Write out the material below again, line for line, without any images.
(Beginning of DATA PROVIDED)
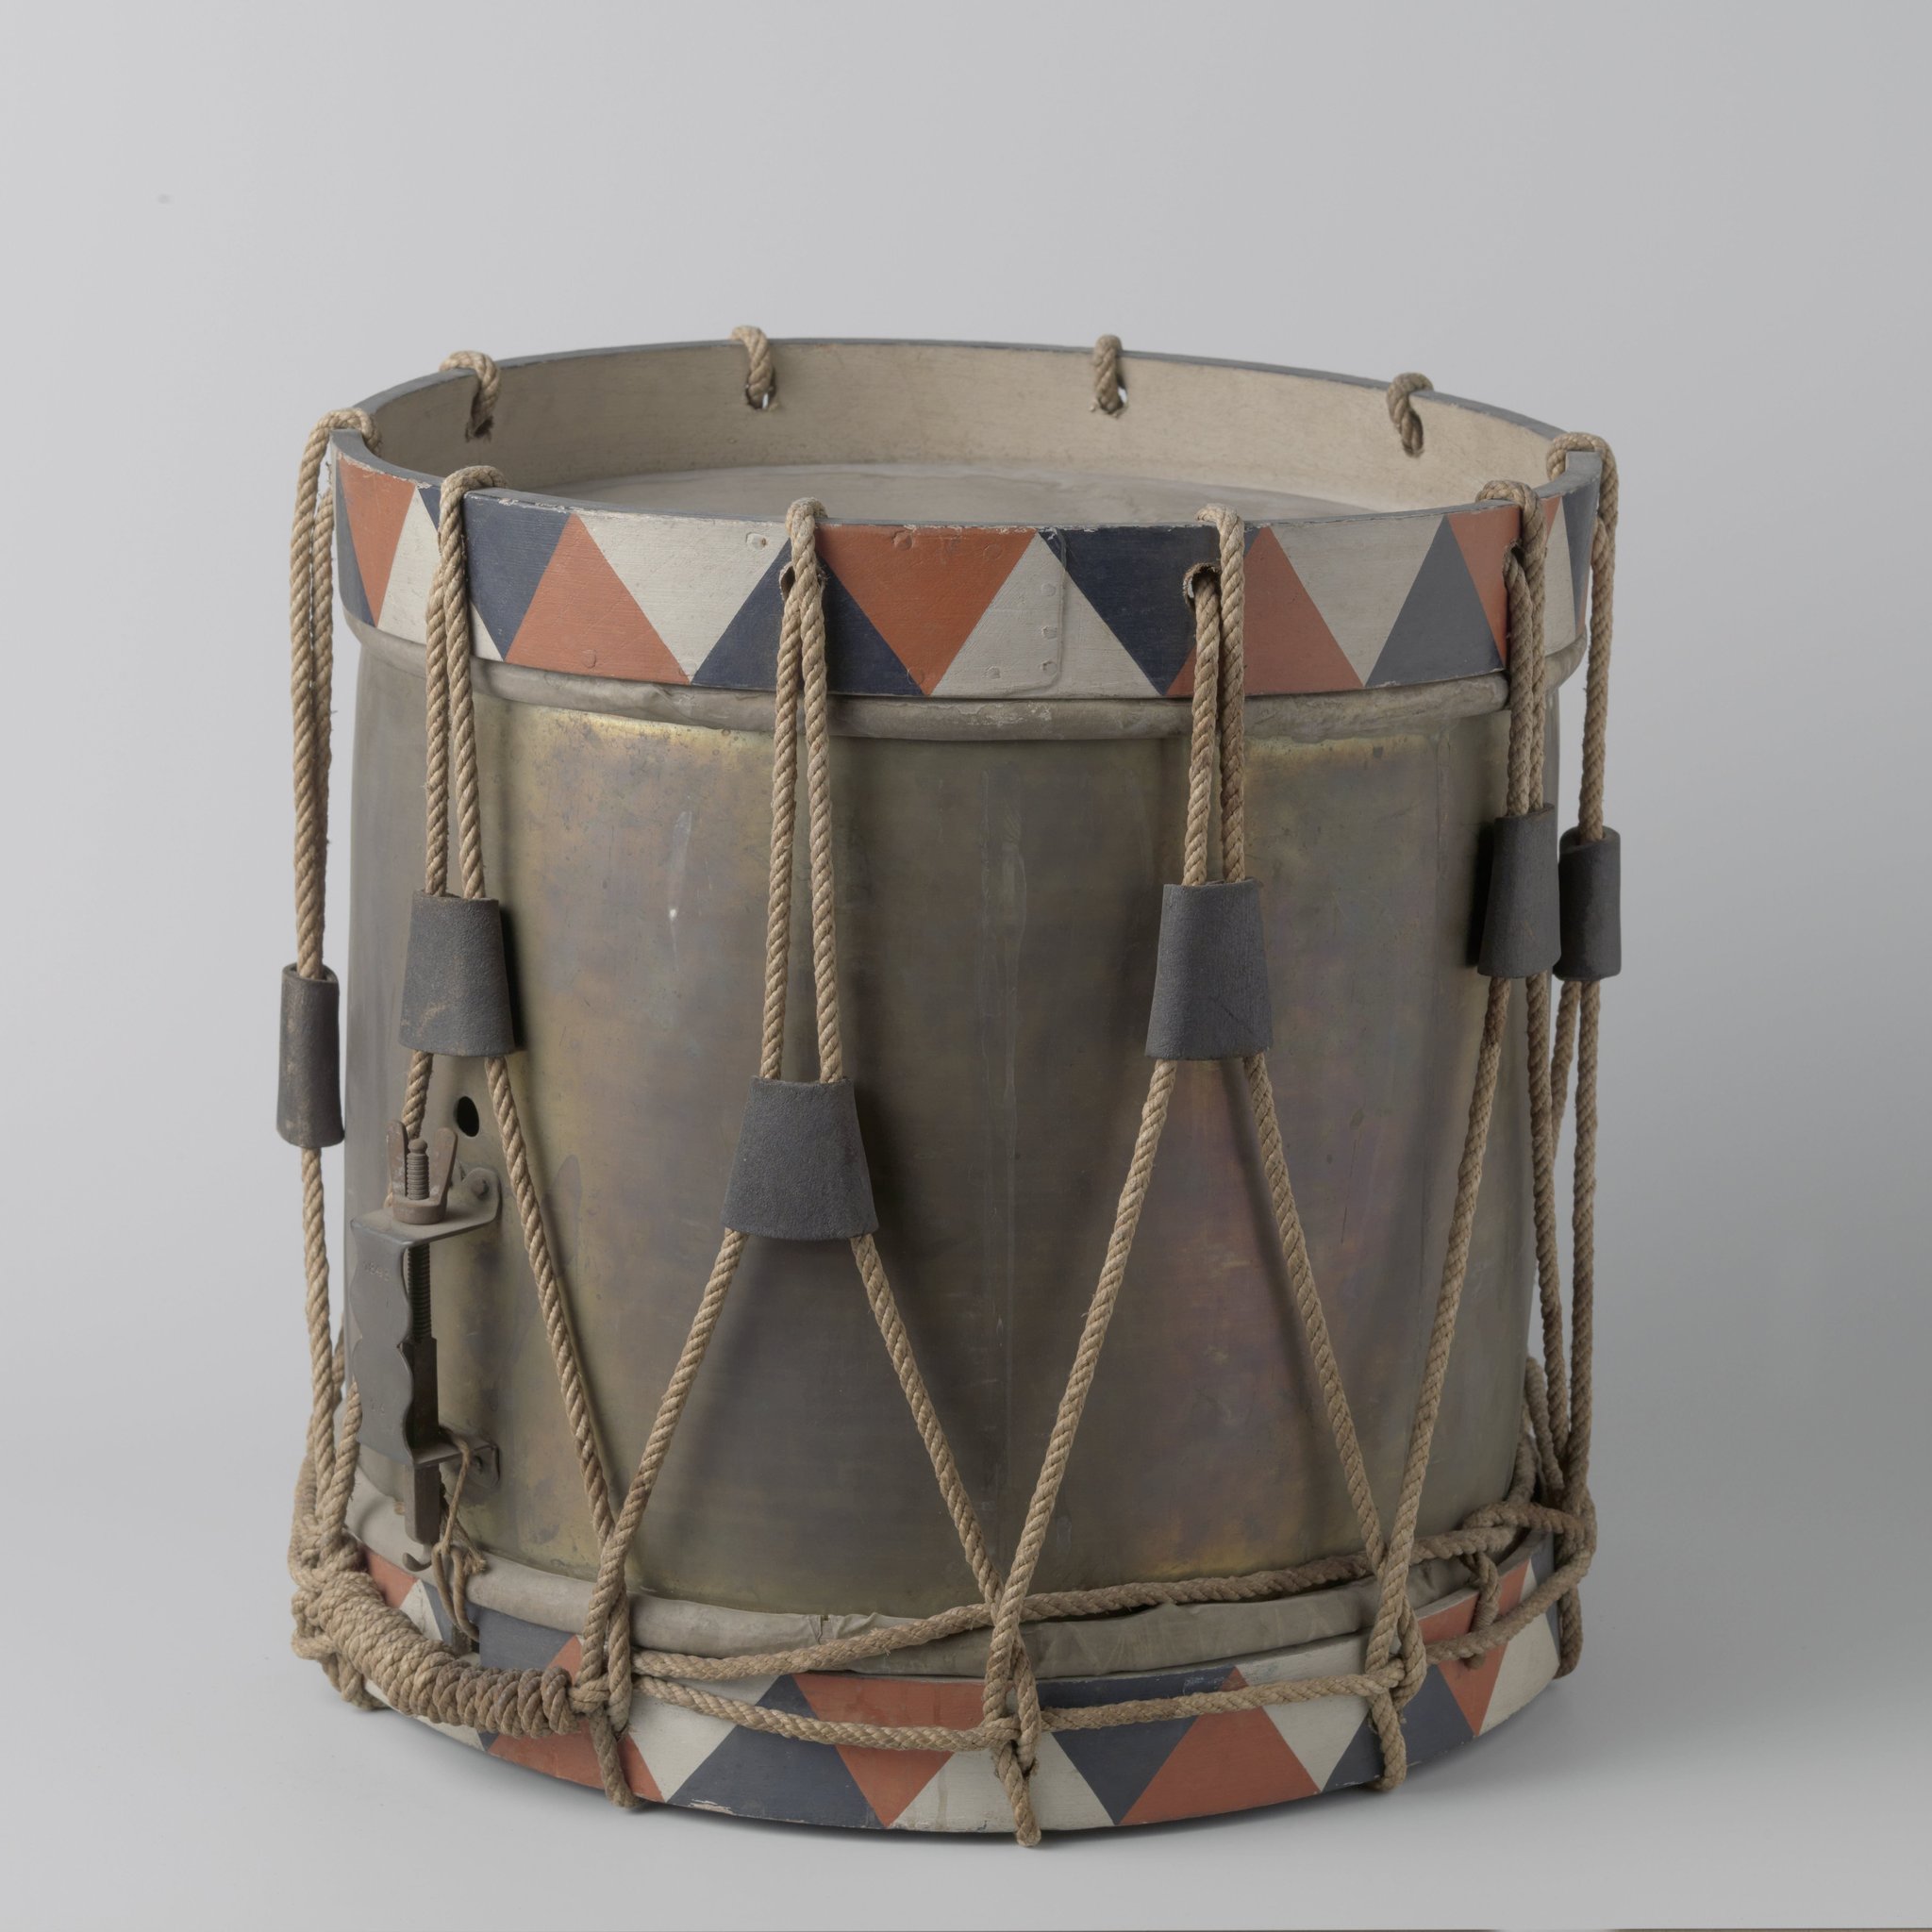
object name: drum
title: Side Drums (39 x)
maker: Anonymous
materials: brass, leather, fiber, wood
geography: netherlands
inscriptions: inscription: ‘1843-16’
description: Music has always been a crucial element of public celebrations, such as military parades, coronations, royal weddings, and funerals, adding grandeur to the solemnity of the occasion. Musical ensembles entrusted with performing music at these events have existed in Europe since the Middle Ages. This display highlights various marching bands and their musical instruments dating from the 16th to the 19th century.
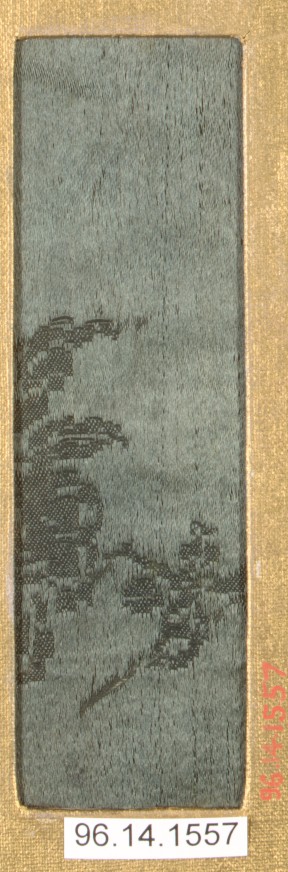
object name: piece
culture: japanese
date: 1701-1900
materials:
(End of DATA PROVIDED)
* RESPONSE BOX *
object name: drum
title: Side Drums (39 x)
maker: Anonymous
materials: brass, leather, fiber, wood
geography: netherlands
inscriptions: inscription: ‘1843-16’
description: Music has always been a crucial element of public celebrations, such as military parades, coronations, royal weddings, and funerals, adding grandeur to the solemnity of the occasion. Musical ensembles entrusted with performing music at these events have existed in Europe since the Middle Ages. This display highlights various marching bands and their musical instruments dating from the 16th to the 19th century.
object name: piece
culture: japanese
date: 1701-1900
materials:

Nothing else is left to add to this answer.